↓↓↓
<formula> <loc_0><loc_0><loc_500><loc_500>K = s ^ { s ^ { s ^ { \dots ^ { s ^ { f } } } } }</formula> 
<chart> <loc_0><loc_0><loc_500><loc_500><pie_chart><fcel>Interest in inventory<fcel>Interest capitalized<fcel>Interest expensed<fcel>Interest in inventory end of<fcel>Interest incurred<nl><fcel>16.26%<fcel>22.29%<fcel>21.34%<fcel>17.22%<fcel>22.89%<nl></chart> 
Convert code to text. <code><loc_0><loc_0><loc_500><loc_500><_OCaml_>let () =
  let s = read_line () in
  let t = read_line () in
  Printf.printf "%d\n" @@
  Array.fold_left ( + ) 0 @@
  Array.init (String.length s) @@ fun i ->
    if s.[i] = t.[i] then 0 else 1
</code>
↑↑↑
↓↓↓
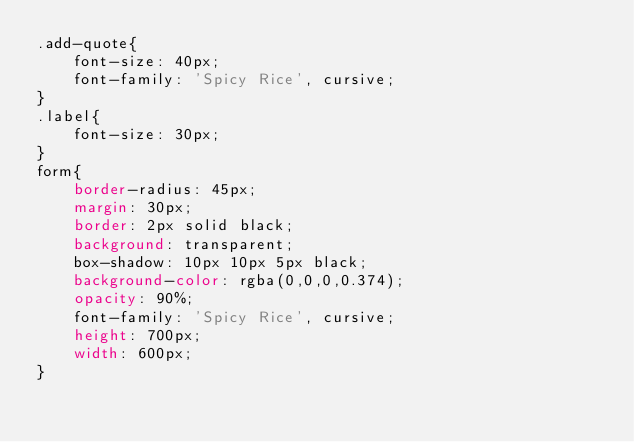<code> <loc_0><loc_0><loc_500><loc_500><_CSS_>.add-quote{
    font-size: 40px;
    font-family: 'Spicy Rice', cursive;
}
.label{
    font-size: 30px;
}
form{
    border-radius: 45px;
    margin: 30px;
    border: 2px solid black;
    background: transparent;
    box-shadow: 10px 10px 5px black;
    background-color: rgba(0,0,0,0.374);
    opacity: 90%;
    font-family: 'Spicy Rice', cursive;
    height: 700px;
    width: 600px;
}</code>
↑↑↑
[WHAT IS BEING ASKED]: In the entries above, please find the line with "<formula> <loc_0><loc_0><loc_500><loc_500>K = s" and the line with "Convert code to", then write out exactly those two lines and every line between them, and nothing more.

[REPLY TO THE EXERCISE]:
<formula> <loc_0><loc_0><loc_500><loc_500>K = s ^ { s ^ { s ^ { \dots ^ { s ^ { f } } } } }</formula> 
<chart> <loc_0><loc_0><loc_500><loc_500><pie_chart><fcel>Interest in inventory<fcel>Interest capitalized<fcel>Interest expensed<fcel>Interest in inventory end of<fcel>Interest incurred<nl><fcel>16.26%<fcel>22.29%<fcel>21.34%<fcel>17.22%<fcel>22.89%<nl></chart> 
Convert code to text. <code><loc_0><loc_0><loc_500><loc_500><_OCaml_>let () =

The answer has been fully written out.